• [Your instructions]
After locating the line that contains "text UV Select Mode 18 [88, 630, 1181, 659]", restate it and each later line word for word through the end of the records.
>>>
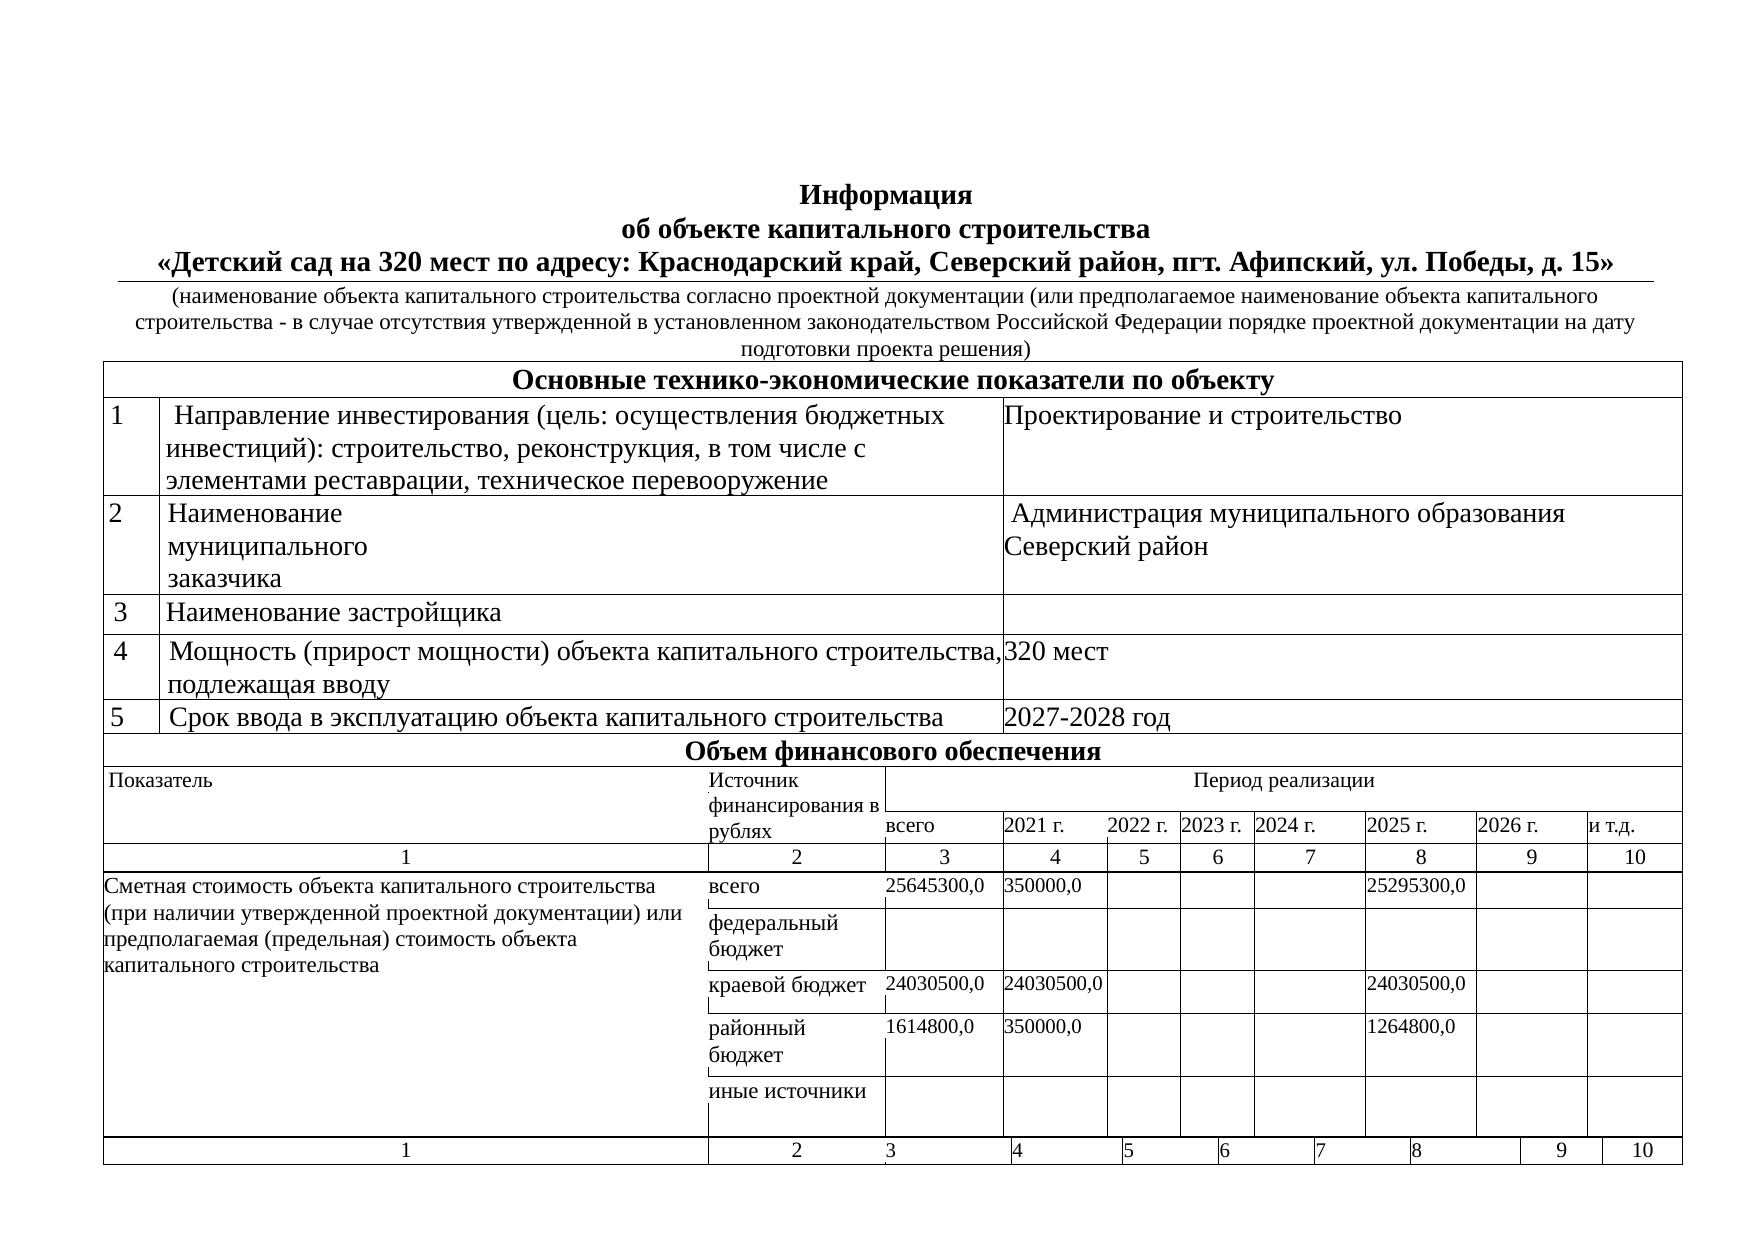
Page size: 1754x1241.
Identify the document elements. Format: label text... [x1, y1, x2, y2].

table_cell [1181, 1014, 1254, 1076]
table_cell 1 [104, 844, 708, 871]
table_cell Показатель [104, 767, 708, 843]
table_cell [1477, 1014, 1587, 1076]
table_cell [1477, 1077, 1587, 1136]
table_cell [1588, 909, 1682, 970]
table_cell 6 [1181, 844, 1254, 871]
table_cell федеральный бюджет [709, 909, 885, 970]
table_cell 7 [1255, 844, 1365, 871]
table_cell 6 [1219, 1138, 1314, 1164]
table_cell 5 [1123, 1138, 1218, 1164]
table_cell 350000,0 [1004, 1014, 1107, 1076]
table_cell 1 [104, 1138, 708, 1164]
table_cell 2027-2028 год [1004, 700, 1682, 733]
table_cell Срок ввода в эксплуатацию объекта капитального строительства [160, 700, 1003, 733]
table_cell [1588, 1014, 1682, 1076]
table_cell 320 мест [1004, 635, 1682, 699]
table_cell районный бюджет [709, 1014, 885, 1076]
table_cell 3 [886, 1138, 1011, 1164]
table_cell [1588, 873, 1682, 908]
table_cell [886, 909, 1003, 970]
table_cell [1004, 909, 1107, 970]
table_cell 25645300,0 [886, 873, 1003, 908]
table_cell [1004, 595, 1682, 633]
table_cell 3 [886, 844, 1003, 871]
table_cell 10 [1588, 844, 1682, 871]
table_cell [1181, 873, 1254, 908]
table_cell 4 [1004, 844, 1107, 871]
table_cell 24030500,0 [886, 971, 1003, 1013]
table_cell [1108, 909, 1180, 970]
table_cell Администрация муниципального образования Северский район [1004, 496, 1682, 594]
table_cell 2025 г. [1366, 812, 1476, 843]
table_cell 7 [1315, 1138, 1410, 1164]
table_cell всего [709, 873, 885, 908]
table_cell 24030500,0 [1004, 971, 1107, 1013]
table_cell [1477, 909, 1587, 970]
table_cell 5 [104, 700, 159, 733]
table_cell [1255, 971, 1365, 1013]
table_cell [1477, 873, 1587, 908]
table_cell 3 [104, 595, 159, 633]
table_cell и т.д. [1588, 812, 1682, 843]
table_cell 9 [1521, 1138, 1602, 1164]
table_cell 1264800,0 [1366, 1014, 1476, 1076]
table_cell 1 [104, 398, 159, 495]
table_cell 2 [709, 844, 885, 871]
table_cell краевой бюджет [709, 971, 885, 1013]
table_header Информация об объекте капитального строительства «Детский сад на 320 мест по адресу: Краснодарский край, Северский район, пгт. Афипский, ул. Победы, д. 15» [118, 177, 1654, 281]
table_cell 350000,0 [1004, 873, 1107, 908]
table_cell [1366, 1077, 1476, 1136]
table_cell 2021 г. [1004, 812, 1107, 843]
table_header Основные технико-экономические показатели по объекту [104, 362, 1682, 397]
table_cell [1255, 1014, 1365, 1076]
table_cell [1366, 909, 1476, 970]
table_cell [886, 1077, 1003, 1136]
table_cell [1181, 1077, 1254, 1136]
table_cell всего [886, 812, 1003, 843]
table_cell Объем финансового обеспечения [104, 734, 1682, 766]
table_cell [1255, 909, 1365, 970]
table_cell иные источники [709, 1077, 885, 1136]
table_cell [1108, 873, 1180, 908]
table_cell [1181, 909, 1254, 970]
table_cell 2 [104, 496, 159, 594]
table_cell Период реализации [886, 767, 1682, 811]
table_cell 4 [1012, 1138, 1122, 1164]
table_cell 2022 г. [1108, 812, 1180, 843]
table_cell 25295300,0 [1366, 873, 1476, 908]
table_cell Сметная стоимость объекта капитального строительства (при наличии утвержденной проектной документации) или предполагаемая (предельная) стоимость объекта капитального строительства [104, 873, 708, 1136]
table_cell [1004, 1077, 1107, 1136]
table_cell [1108, 1014, 1180, 1076]
table_cell 9 [1477, 844, 1587, 871]
table_cell Проектирование и строительство [1004, 398, 1682, 495]
table_cell 5 [1108, 844, 1180, 871]
table_cell 8 [1411, 1138, 1520, 1164]
table_cell [1588, 971, 1682, 1013]
table_cell 2 [709, 1138, 885, 1164]
table_cell 4 [104, 635, 159, 699]
table_cell 8 [1366, 844, 1476, 871]
table_cell 2026 г. [1477, 812, 1587, 843]
table_cell [1108, 1077, 1180, 1136]
table_cell [1477, 971, 1587, 1013]
table_cell Наименование застройщика [160, 595, 1003, 633]
table_cell 10 [1603, 1138, 1682, 1164]
table_cell Мощность (прирост мощности) объекта капитального строительства, подлежащая вводу [160, 635, 1003, 699]
table_cell 2024 г. [1255, 812, 1365, 843]
table_cell (наименование объекта капитального строительства согласно проектной документации (или предполагаемое наименование объекта капитального строительства - в случае отсутствия утвержденной в установленном законодательством Российской Федерации порядке проектной документации на дату подготовки проекта решения) [118, 282, 1654, 361]
table_cell [1588, 1077, 1682, 1136]
table_cell [1255, 1077, 1365, 1136]
table_cell Направление инвестирования (цель: осуществления бюджетных инвестиций): строительство, реконструкция, в том числе с элементами реставрации, техническое перевооружение [160, 398, 1003, 495]
table_cell 2023 г. [1181, 812, 1254, 843]
table_cell [1255, 873, 1365, 908]
table_cell [1108, 971, 1180, 1013]
table_cell 24030500,0 [1366, 971, 1476, 1013]
table_cell 1614800,0 [886, 1014, 1003, 1076]
table_cell Источник финансирования в рублях [709, 767, 885, 843]
table_cell Наименование муниципального заказчика [160, 496, 1003, 594]
table_cell [1181, 971, 1254, 1013]
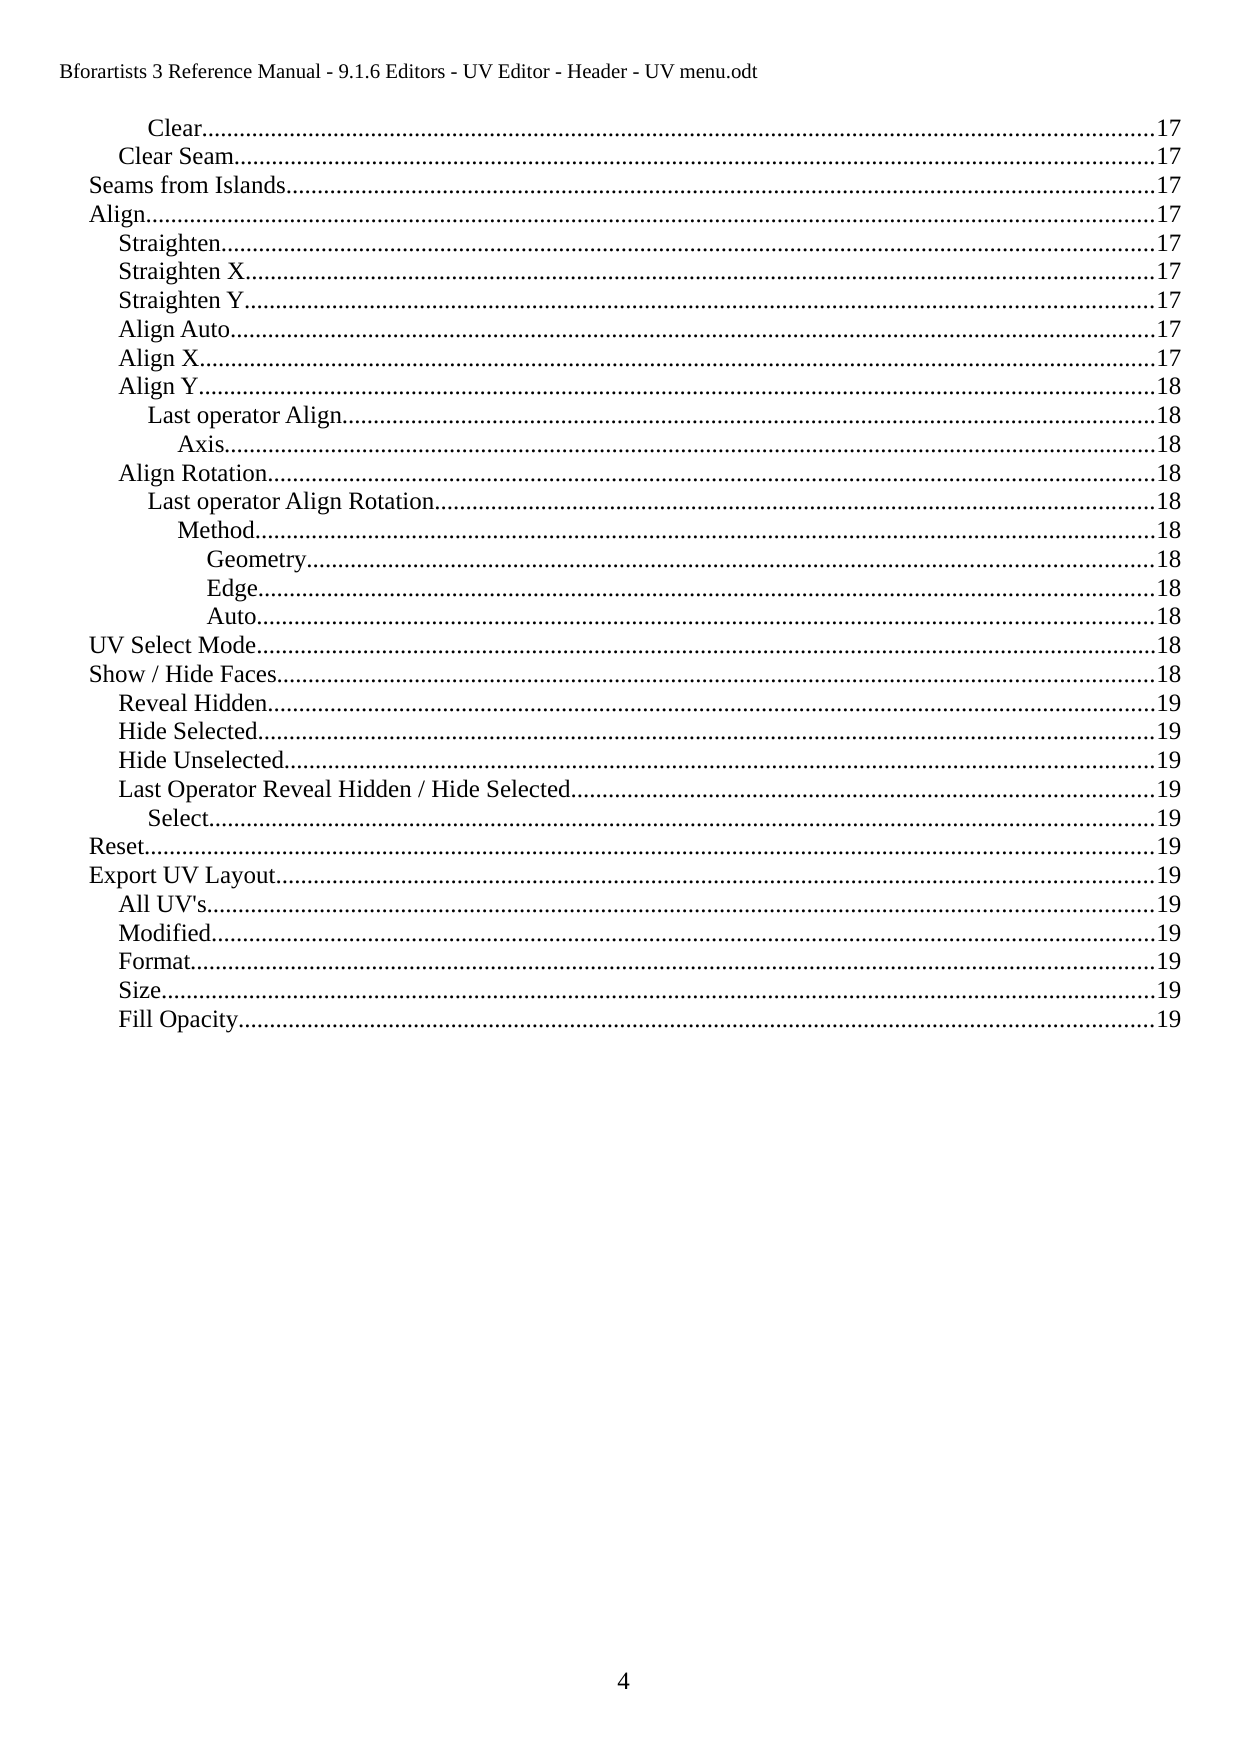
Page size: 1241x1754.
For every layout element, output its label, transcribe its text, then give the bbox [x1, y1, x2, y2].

text Edge 18 [206, 573, 1181, 601]
text Last operator Align 18 [147, 400, 1181, 429]
text Align X 17 [118, 343, 1181, 371]
text Format 19 [118, 946, 1181, 975]
text Align Auto 17 [118, 314, 1181, 343]
text Hide Unselected 19 [118, 745, 1181, 774]
text Fill Opacity 19 [118, 1004, 1181, 1033]
text Auto 18 [206, 601, 1181, 630]
text Straighten Y 17 [118, 285, 1181, 314]
text Method 18 [177, 515, 1181, 544]
text Clear 17 [147, 113, 1181, 141]
text Last Operator Reveal Hidden / Hide Selected 19 [118, 774, 1181, 803]
text Align 17 [88, 199, 1181, 228]
text Last operator Align Rotation 18 [147, 486, 1181, 515]
text Clear Seam 17 [118, 141, 1181, 170]
text Straighten X 17 [118, 256, 1181, 285]
text Hide Selected 19 [118, 716, 1181, 745]
text Reset 19 [88, 831, 1181, 860]
text Straighten 17 [118, 228, 1181, 256]
text Export UV Layout 19 [88, 860, 1181, 889]
text Align Rotation 18 [118, 458, 1181, 486]
text Align Y 18 [118, 371, 1181, 400]
text Seams from Islands 17 [88, 170, 1181, 199]
text Geometry 18 [206, 544, 1181, 573]
text Reveal Hidden 19 [118, 688, 1181, 716]
text Size 19 [118, 975, 1181, 1004]
text Select 19 [147, 803, 1181, 831]
text All UV's 19 [118, 889, 1181, 918]
text Axis 18 [177, 429, 1181, 458]
text UV Select Mode 18 [88, 630, 1181, 659]
text Modified 19 [118, 918, 1181, 946]
text Show / Hide Faces 18 [88, 659, 1181, 688]
<<<
• [Result for this exercise]
text UV Select Mode 18 [88, 630, 1181, 659]
text Modified 19 [118, 918, 1181, 946]
text Show / Hide Faces 18 [88, 659, 1181, 688]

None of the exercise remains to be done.